FactChecker said:
I'm having trouble seeing how the projection would have a North/South component.
The angular velocity is ##\vec \omega = \omega \vec e_z = \omega [\cos(\theta) \vec e_r - \sin(\theta) \vec e_\theta]##. A westward velocity vector is given by ##\vec v = -v \vec e_\varphi##. It follows that
$$
\vec a_c = 2\vec v \times \vec \omega = - 2v\omega \vec e_\varphi \times [\cos(\theta) \vec e_r - \sin(\theta) \vec e_\theta]
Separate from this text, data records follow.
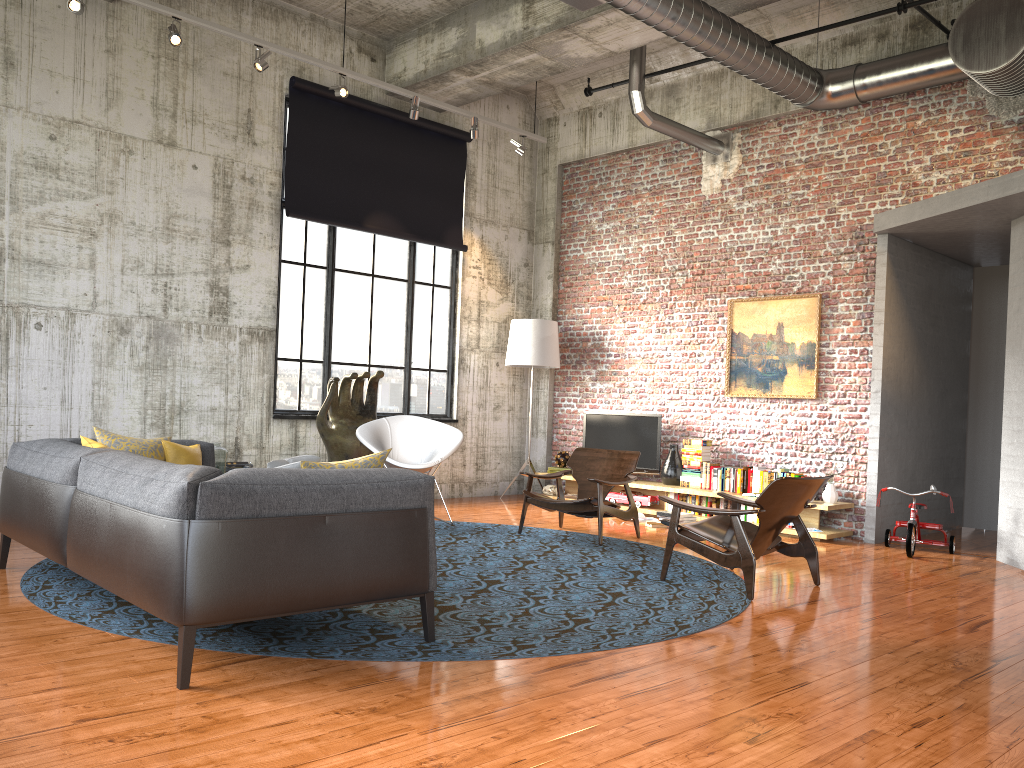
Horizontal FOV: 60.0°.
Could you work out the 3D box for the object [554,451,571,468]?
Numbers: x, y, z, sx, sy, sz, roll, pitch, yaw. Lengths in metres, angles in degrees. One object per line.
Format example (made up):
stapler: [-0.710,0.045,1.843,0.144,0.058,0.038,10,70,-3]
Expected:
object: [0.639,0.943,11.075,0.214,0.208,0.216,2,-1,35]

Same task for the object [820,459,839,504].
object: [3.085,0.934,8.573,0.197,0.445,0.234,2,0,34]

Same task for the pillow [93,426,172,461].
pillow: [-2.456,0.504,5.755,0.537,0.446,0.260,3,0,-37]

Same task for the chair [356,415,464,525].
chair: [-1.011,0.829,8.720,1.057,1.030,0.806,2,0,-5]

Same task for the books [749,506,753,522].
books: [2.489,1.324,9.117,0.129,0.186,0.043,3,0,-44]

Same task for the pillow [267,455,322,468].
pillow: [-1.114,0.508,4.409,0.171,0.315,0.365,2,-1,36]

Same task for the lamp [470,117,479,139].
lamp: [-0.411,-2.776,9.671,0.102,0.251,0.165,2,0,1]

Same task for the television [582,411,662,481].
television: [1.295,0.735,10.478,1.089,0.793,0.286,2,0,33]

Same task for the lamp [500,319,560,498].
lamp: [0.237,0.338,11.081,0.694,2.243,0.706,2,0,-21]

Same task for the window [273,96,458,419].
window: [-1.595,-1.287,10.190,2.581,3.436,0.050,3,0,-44]

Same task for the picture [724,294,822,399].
picture: [2.737,-0.387,9.366,0.040,1.064,1.064,2,0,-44]

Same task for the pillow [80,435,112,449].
pillow: [-2.540,0.513,5.510,0.229,0.371,0.405,2,-1,-35]

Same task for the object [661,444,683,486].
object: [1.822,0.912,10.010,0.268,0.456,0.268,2,0,-13]

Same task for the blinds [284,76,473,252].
blinds: [-1.431,-2.408,10.053,2.445,1.464,0.150,3,0,-44]

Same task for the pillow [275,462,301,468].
pillow: [-1.153,0.522,4.214,0.435,0.319,0.168,3,-1,-44]

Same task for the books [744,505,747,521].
books: [2.446,1.332,9.166,0.122,0.168,0.020,3,0,-44]

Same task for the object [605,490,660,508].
object: [1.376,1.312,10.160,0.599,0.174,0.244,1,-1,38]

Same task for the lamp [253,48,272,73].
lamp: [-2.244,-2.891,7.938,0.102,0.240,0.183,2,0,41]

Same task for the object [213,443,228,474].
object: [-2.783,0.733,8.337,0.163,0.361,0.163,2,0,-41]

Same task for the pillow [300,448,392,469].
pillow: [-0.873,0.536,4.472,0.537,0.446,0.260,3,0,-37]

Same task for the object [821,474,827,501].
object: [3.110,1.028,8.820,0.057,0.273,0.057,2,0,6]

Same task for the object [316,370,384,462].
object: [-1.740,0.489,9.350,0.728,1.296,0.456,2,0,-32]

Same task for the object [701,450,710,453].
object: [2.030,0.733,9.772,0.178,0.031,0.248,4,-2,-44]

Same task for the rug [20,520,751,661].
rug: [-0.776,1.297,6.390,4.845,0.009,4.847,2,-1,2]

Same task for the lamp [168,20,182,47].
lamp: [-2.822,-2.925,7.424,0.102,0.228,0.198,2,0,-34]

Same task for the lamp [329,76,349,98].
lamp: [-1.654,-2.852,8.539,0.260,0.211,0.102,2,0,41]

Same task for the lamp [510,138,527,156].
lamp: [0.091,-2.736,10.227,0.226,0.215,0.102,2,0,-3]

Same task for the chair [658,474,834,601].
chair: [1.612,0.991,6.137,0.875,0.793,1.042,3,-1,-43]

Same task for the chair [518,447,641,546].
chair: [0.643,1.002,8.133,0.874,0.793,1.044,2,-1,36]

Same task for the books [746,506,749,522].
books: [2.474,1.327,9.156,0.132,0.181,0.034,3,0,-44]

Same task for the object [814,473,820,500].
object: [3.065,1.028,8.886,0.057,0.273,0.057,2,0,6]

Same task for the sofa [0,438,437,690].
sofa: [-1.815,0.798,4.987,1.363,0.861,3.002,3,-2,-42]

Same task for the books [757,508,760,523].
books: [2.549,1.322,9.053,0.138,0.191,0.026,3,0,-44]

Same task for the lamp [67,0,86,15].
lamp: [-3.372,-2.964,6.871,0.102,0.211,0.260,2,-1,-9]

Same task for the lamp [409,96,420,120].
lamp: [-1.002,-2.815,9.095,0.102,0.251,0.165,2,0,-19]

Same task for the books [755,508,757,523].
books: [2.533,1.322,9.073,0.138,0.191,0.026,3,0,-44]

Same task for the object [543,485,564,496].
object: [0.522,1.323,11.037,0.183,0.133,0.273,3,-1,-35]

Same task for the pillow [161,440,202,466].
pillow: [-2.199,0.538,5.962,0.168,0.319,0.435,2,-1,21]

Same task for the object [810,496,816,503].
object: [2.890,1.094,8.613,0.123,0.123,0.251,2,-1,1]

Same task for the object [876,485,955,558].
object: [4.361,1.068,1.446,8.775,0.657,20.820,4,-2,-44]

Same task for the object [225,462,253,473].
object: [-2.642,0.846,8.594,0.424,0.153,0.381,4,-2,-44]
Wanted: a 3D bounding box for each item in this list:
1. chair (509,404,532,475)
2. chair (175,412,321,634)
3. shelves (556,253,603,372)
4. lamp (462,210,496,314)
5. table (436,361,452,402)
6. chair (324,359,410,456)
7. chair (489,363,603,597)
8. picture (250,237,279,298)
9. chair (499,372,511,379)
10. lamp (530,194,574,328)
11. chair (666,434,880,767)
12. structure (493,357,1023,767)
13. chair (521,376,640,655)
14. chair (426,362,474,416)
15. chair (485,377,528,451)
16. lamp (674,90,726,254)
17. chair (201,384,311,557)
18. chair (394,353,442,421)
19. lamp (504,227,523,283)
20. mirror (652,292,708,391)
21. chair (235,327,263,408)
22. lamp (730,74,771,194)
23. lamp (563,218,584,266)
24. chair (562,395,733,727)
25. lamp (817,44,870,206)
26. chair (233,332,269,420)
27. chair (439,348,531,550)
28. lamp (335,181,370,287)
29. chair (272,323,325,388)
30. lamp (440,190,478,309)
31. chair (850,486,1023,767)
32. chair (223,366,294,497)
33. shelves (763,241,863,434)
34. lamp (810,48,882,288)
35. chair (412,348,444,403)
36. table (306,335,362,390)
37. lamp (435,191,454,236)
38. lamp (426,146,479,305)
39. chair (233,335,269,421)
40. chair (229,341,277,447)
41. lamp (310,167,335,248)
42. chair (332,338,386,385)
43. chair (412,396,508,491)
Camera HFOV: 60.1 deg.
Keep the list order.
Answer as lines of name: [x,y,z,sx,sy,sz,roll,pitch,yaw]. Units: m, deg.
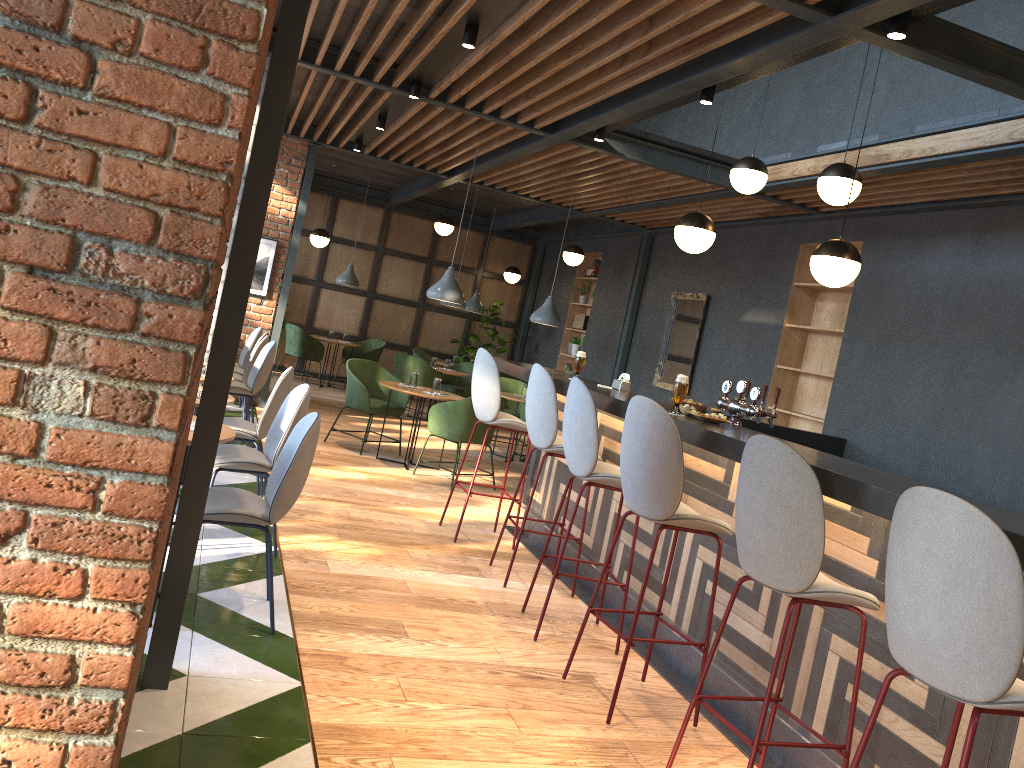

= - 2v\omega [\cos(\theta) \vec e_\theta + \sin(\theta) \vec e_r].
$$
The projection onto the tangent plane of the sphere (spanned by ##\vec e_\theta## and ##\vec e_\varphi## at every point) is therefore ##-2v\omega \cos(\theta) \vec e_\theta## and ##\vec e_\theta## is a unit vector in the south direction. For ##\theta > \pi/2##, ##\cos(\theta) > 0## and this vector is therefore pointing towards the north and for ##\theta > \pi/2##, ##\cos(\theta) < 0## and this vector is therefore pointing to the south.
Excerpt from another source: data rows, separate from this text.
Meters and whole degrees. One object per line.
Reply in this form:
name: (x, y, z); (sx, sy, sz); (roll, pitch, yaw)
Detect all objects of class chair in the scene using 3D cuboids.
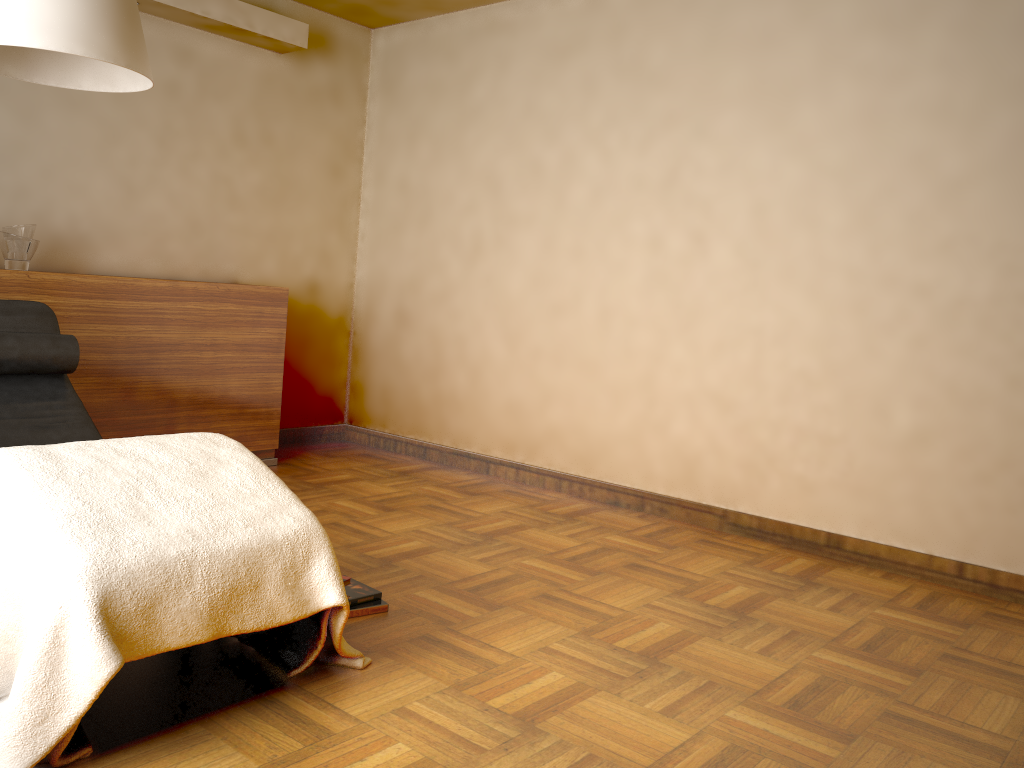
chair: (-1.284, 0.200, 2.422); (1.796, 0.796, 0.635); (8, 4, 40)

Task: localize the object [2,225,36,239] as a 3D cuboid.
object: (-2.018, -0.582, 3.610); (0.122, 0.149, 0.123); (5, 3, 20)

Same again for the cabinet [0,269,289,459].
cabinet: (-1.845, -0.053, 3.932); (0.417, 0.860, 1.673); (5, 4, 40)

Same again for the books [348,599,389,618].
books: (-0.526, 0.631, 2.536); (0.280, 0.022, 0.201); (0, 7, -36)

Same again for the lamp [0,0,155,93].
lamp: (-1.513, -0.369, 2.537); (1.421, 1.964, 0.450); (6, 2, 44)

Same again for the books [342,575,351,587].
books: (-0.560, 0.572, 2.523); (0.124, 0.018, 0.173); (6, 6, 24)

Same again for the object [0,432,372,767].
object: (-0.902, 0.410, 2.070); (0.913, 0.519, 0.917); (8, 6, 40)

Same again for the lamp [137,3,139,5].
lamp: (-2.108, -1.758, 3.662); (0.050, 0.028, 1.157); (8, 7, 40)

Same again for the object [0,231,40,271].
object: (-2.021, -0.543, 3.611); (0.156, 0.154, 0.155); (6, 4, 30)

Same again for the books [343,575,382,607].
books: (-0.539, 0.609, 2.546); (0.190, 0.020, 0.264); (9, 8, 44)

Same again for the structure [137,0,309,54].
structure: (-1.885, -1.824, 3.939); (0.275, 0.130, 2.177); (8, 7, 40)
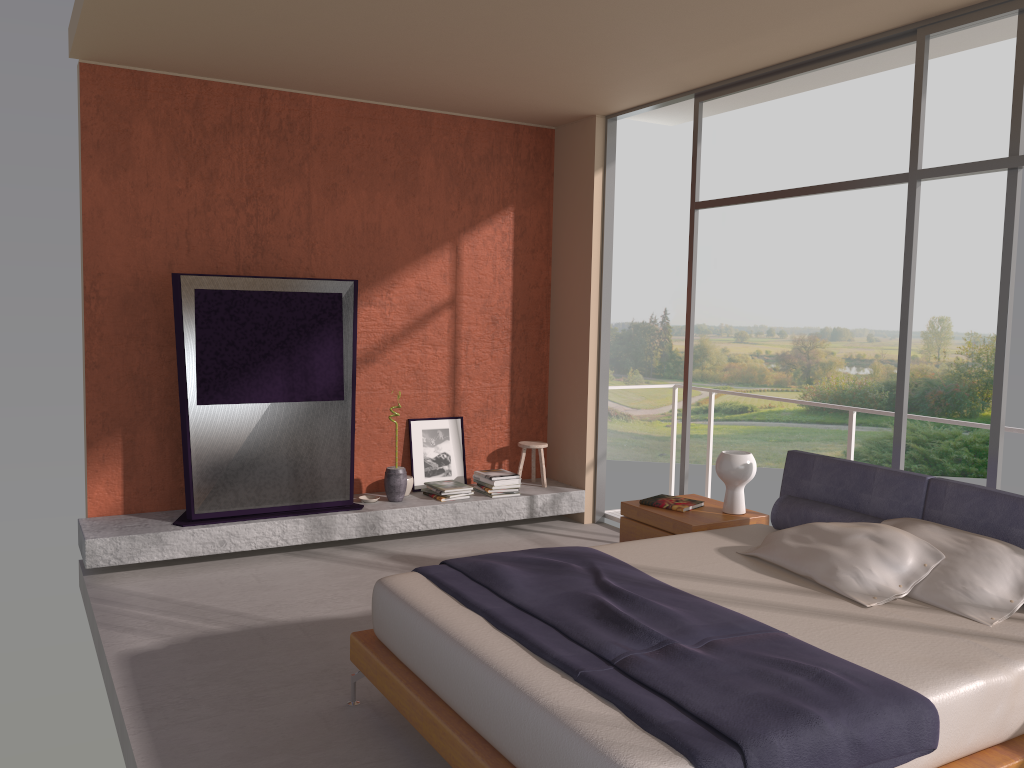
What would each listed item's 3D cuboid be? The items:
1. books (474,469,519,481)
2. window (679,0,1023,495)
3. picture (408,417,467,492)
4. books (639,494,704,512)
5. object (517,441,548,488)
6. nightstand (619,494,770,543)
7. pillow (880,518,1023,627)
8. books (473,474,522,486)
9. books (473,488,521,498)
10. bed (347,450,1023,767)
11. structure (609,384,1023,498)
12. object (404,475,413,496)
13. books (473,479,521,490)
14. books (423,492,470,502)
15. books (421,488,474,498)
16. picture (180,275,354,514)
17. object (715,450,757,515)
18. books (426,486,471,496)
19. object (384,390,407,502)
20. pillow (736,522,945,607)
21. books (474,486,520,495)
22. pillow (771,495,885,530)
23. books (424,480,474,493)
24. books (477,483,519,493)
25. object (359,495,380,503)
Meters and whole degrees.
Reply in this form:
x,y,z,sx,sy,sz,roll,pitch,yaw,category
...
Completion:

At the equator ##\theta = \pi/2## and therefore ##\cos(\theta) = 0##, leading to no Coriolis force in the tangent plane at all (as you would expect).
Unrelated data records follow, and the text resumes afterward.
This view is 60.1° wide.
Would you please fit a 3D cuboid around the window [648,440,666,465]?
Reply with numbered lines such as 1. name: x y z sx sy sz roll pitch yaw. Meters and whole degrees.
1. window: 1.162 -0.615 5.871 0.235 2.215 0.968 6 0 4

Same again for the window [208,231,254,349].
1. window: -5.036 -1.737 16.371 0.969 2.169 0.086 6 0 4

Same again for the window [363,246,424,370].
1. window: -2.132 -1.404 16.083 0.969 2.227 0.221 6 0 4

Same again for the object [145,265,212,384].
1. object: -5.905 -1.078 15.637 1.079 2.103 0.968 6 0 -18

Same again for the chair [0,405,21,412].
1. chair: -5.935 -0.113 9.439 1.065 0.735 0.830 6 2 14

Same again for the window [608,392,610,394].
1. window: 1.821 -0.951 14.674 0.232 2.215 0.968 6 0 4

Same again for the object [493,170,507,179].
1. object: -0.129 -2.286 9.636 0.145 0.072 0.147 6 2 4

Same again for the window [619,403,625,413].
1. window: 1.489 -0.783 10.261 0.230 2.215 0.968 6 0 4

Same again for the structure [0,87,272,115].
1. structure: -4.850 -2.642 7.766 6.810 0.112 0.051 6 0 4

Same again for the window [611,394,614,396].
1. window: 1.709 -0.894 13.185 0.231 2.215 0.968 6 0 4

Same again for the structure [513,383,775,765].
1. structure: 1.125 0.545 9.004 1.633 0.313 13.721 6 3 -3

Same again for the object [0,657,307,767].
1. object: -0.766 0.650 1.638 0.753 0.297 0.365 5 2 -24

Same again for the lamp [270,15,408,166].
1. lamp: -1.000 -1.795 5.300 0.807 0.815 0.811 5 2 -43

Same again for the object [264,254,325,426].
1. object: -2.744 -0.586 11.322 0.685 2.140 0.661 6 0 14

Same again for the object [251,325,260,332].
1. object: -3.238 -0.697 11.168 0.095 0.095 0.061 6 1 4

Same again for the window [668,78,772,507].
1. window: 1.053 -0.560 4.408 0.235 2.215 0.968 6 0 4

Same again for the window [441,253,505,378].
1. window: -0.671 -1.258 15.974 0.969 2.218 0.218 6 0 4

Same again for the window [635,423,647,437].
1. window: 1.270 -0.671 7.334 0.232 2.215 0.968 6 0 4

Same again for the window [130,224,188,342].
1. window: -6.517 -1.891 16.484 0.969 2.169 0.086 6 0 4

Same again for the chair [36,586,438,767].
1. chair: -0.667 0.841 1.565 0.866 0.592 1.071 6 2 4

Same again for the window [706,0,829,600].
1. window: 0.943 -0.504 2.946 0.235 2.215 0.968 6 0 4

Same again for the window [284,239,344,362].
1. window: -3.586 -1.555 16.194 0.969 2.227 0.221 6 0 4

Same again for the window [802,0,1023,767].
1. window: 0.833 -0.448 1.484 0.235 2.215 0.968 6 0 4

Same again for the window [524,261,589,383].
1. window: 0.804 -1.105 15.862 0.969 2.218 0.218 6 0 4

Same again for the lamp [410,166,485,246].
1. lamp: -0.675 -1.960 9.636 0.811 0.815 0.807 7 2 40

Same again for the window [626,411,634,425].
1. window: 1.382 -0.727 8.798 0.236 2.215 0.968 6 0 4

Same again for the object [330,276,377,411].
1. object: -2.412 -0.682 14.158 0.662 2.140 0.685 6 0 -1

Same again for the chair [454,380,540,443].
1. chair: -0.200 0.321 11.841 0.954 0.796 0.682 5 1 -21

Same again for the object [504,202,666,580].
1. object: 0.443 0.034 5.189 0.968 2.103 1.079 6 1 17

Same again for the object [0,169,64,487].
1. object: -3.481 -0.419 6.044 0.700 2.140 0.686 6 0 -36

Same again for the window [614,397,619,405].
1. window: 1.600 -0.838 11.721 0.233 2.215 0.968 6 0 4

Edit: Removed some typos (1 -> 0).
Edit 2: Some clarifications.
Edit 3: The perhaps easiest way to see that the force
must have a component in the tangent plane (everywhere but at the equator) is to note that the angular velocity is
not in the tangent plane. Hence, its component orthogonal to the tangent plane will give a vector in the tangent plane when crossed with any velocity vector in the tangent plane.